The simple JSONRPC API exposed by this node should not be confused with the rich REST API that powers applications like Explorer and the Helium App.


RocksDB is a lightning-quick key-value store, rather than an analytics-friendly relational database. If you require richer querying capabilities beyond those supported by the JSONRPC API, you'll need to use a downstream ETL process to load transactions into, for instance, a SQL database. Community-built options include helium-etl-lite and helium-transaction-etl. In Part II of this article, we will also demonstrate how to tailor an ETL to your application via transaction filters, field validation, and custom data models.


Recommended Hardware

Requirements will vary based on application configs and what other software is running on your instance. We have found a minimum 8GB RAM / 4 vCPU (c5ad.xlarge or equivalent) with 256GB SSD (storage requirements vary based on how often you plan to purge the rocks files) to be sufficient.

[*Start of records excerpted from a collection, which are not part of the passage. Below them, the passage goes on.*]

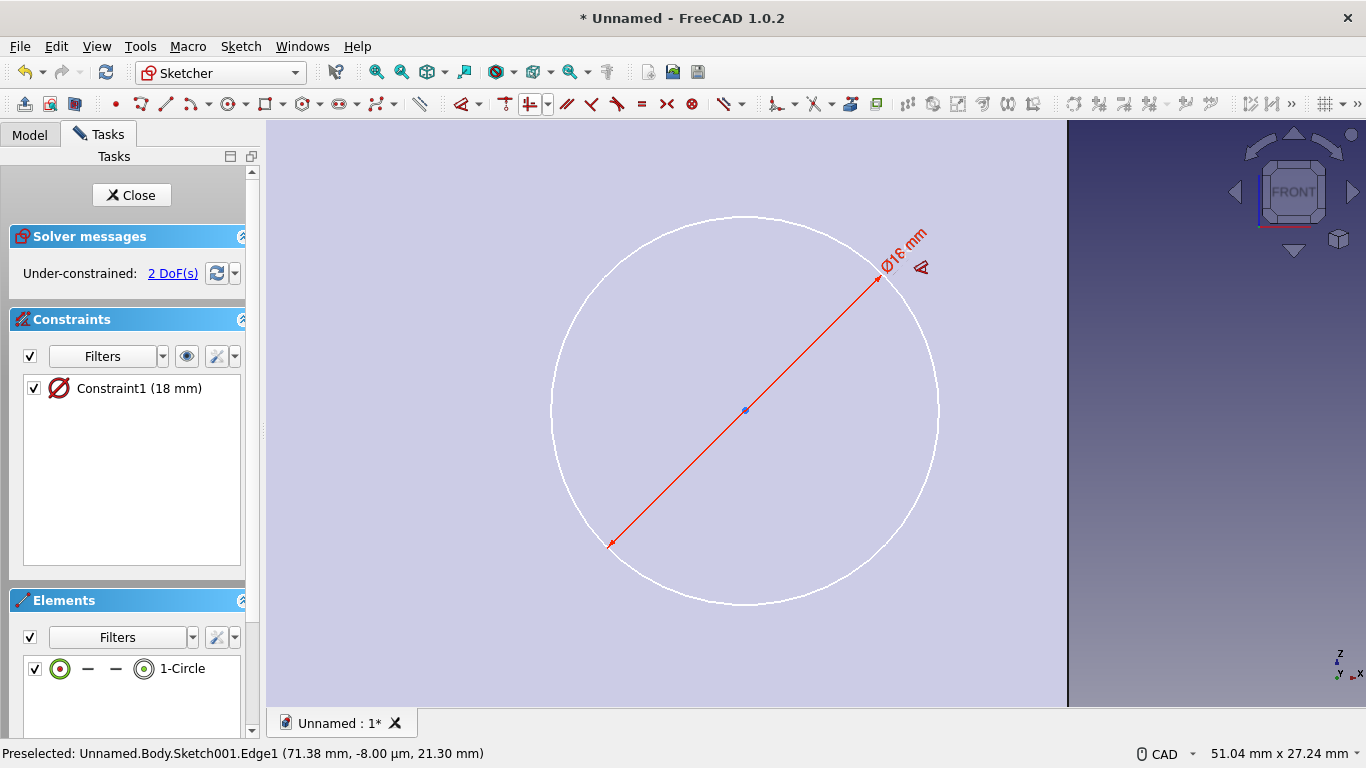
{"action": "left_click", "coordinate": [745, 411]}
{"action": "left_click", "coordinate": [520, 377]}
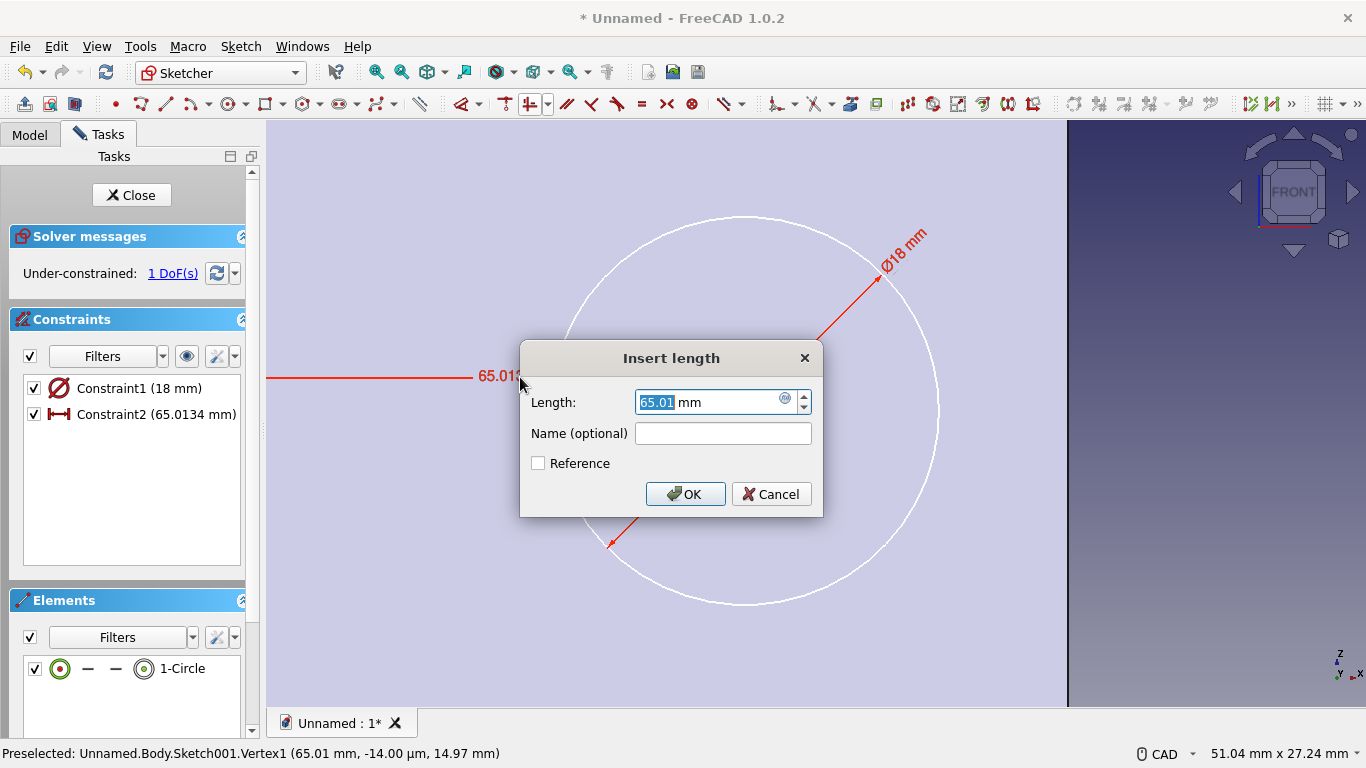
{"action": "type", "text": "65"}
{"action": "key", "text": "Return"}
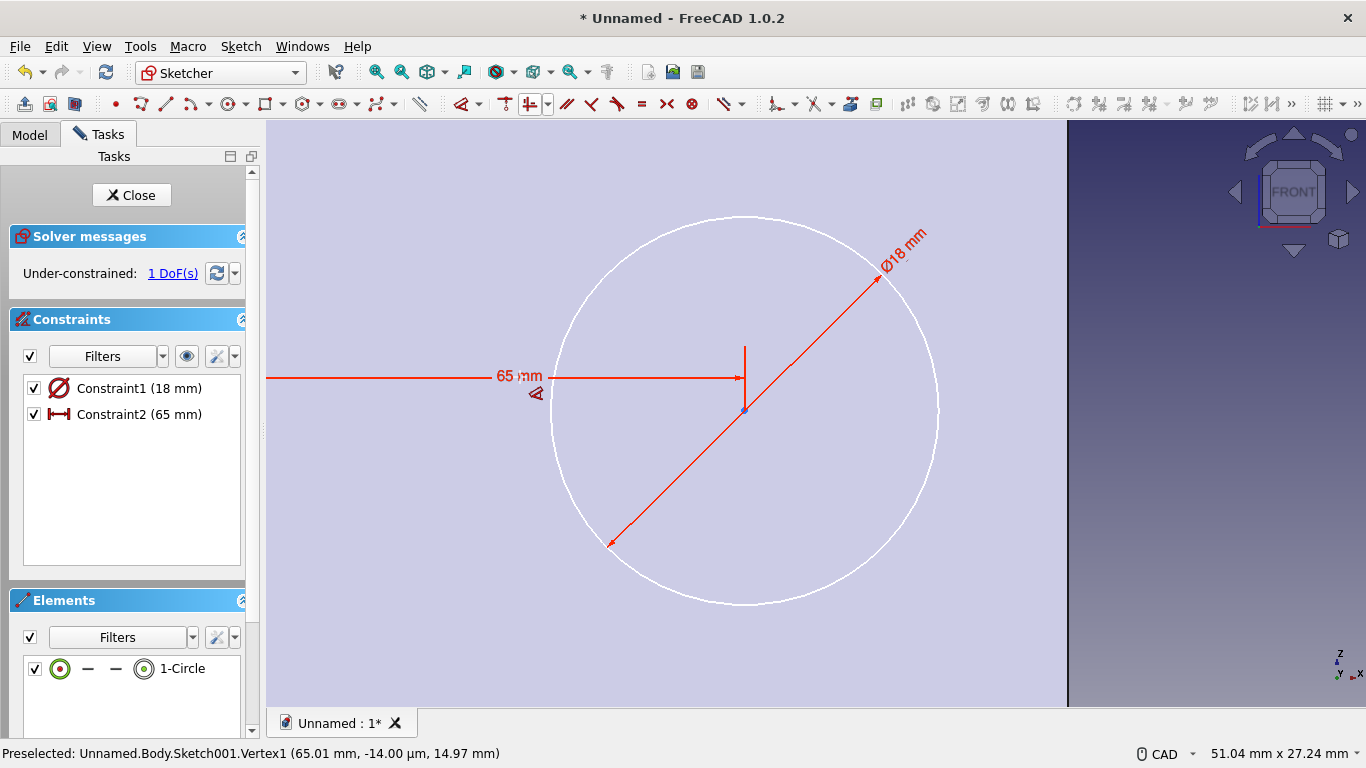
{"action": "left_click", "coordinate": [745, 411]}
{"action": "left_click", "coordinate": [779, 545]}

Make sure to open port 44158 to allow your node to communicate with Helium's p2p network.
Installation and Configuration

The installation guide in the README will walk you through the steps to run and update the software, either in Ubuntu or with the Docker image. Configuration profiles are located in the config/ directory. By default, the dev profile will have the node follow the Helium Mainnet from the most recent available snapshot and generate useful logs. You can use the PROFILE environment variable to choose different profiles, e.g. make docker-start -e PROFILE=dev_testnet to follow the Helium Testnet.
For many users, the default parameters in sys.config will be suitable, but there are a few values that deserve special mention:


fetch_latest_from_snap_source (default = true): if you'd like to begin syncing from a specific block height (rather than the default behavior of fetching the most recent snapshot), you'll need to set this flag to false AND adjust blessed_snapshot_block_height to an available height value. A list of valid blessed snapshot details is served through the Helium Public API (https://api.helium.io/v1/snapshots).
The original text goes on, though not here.